-- INFORMATION PROVIDED follows --
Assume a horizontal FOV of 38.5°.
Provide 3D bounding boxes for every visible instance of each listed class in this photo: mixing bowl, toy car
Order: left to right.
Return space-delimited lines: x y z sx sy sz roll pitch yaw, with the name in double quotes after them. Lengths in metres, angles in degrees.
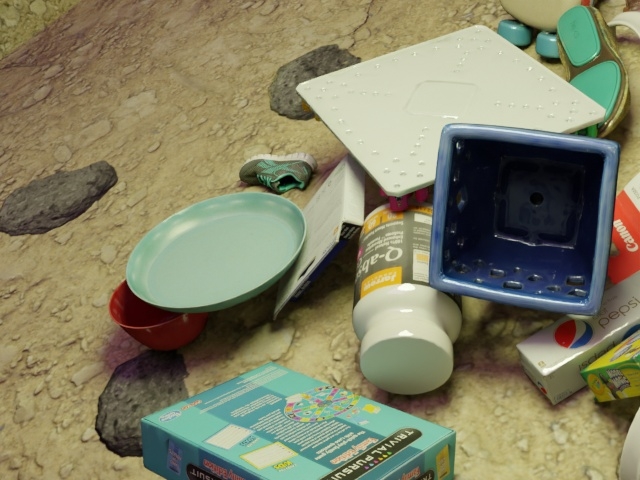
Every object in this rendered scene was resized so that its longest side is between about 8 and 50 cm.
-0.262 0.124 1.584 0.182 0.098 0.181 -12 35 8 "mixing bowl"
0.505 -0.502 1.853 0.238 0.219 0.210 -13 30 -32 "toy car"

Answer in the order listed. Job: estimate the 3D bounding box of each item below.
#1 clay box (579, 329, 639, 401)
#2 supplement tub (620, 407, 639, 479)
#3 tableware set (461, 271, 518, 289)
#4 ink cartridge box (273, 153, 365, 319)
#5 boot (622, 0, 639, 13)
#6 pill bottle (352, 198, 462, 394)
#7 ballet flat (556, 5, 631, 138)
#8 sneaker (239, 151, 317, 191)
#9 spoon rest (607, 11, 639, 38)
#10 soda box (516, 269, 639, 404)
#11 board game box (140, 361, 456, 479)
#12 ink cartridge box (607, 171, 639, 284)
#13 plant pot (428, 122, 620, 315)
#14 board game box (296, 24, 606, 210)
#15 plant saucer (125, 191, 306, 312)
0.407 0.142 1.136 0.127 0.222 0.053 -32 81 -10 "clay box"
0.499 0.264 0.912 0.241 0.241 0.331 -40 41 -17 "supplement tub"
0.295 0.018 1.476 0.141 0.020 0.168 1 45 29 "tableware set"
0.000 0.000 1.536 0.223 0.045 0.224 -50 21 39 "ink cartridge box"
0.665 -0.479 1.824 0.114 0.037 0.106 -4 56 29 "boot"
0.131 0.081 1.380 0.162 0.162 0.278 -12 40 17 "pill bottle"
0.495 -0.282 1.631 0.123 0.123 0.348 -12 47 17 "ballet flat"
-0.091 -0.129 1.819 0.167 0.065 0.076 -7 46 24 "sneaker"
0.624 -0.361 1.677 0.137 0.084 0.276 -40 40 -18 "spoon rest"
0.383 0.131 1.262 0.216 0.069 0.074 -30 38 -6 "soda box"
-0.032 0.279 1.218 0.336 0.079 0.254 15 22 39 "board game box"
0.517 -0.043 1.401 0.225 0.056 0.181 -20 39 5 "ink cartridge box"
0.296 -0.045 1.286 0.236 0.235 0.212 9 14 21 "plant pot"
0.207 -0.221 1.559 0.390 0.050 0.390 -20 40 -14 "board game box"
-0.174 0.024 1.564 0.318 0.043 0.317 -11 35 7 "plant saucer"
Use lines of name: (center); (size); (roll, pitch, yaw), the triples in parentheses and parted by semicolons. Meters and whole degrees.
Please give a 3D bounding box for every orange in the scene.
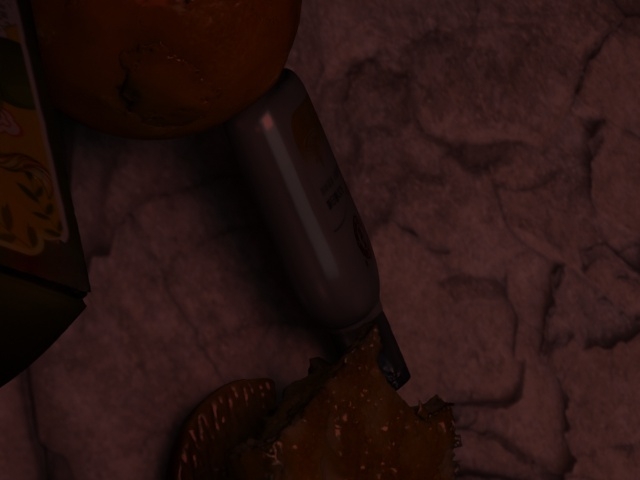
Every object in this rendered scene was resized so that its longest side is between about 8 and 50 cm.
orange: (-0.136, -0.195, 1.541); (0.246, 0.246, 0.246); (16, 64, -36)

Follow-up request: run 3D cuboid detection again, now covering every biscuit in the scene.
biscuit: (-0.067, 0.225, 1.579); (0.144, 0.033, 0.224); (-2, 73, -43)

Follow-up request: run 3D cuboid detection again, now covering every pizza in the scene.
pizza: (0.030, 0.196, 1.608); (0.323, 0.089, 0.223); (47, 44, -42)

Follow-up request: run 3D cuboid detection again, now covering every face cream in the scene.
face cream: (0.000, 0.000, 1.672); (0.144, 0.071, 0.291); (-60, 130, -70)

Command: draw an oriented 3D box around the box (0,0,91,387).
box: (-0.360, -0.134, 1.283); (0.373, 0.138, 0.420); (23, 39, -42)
-- INFORMATION PROVIDED concluded --
● TASK DETAILS
Search the entries for the string "listed" and return each line where it turns up.

● RESULT OF THIS EXERCISE
Provide 3D bounding boxes for every visible instance of each listed class in this photo: mixing bowl, toy car
Answer in the order listed. Job: estimate the 3D bounding box of each item below.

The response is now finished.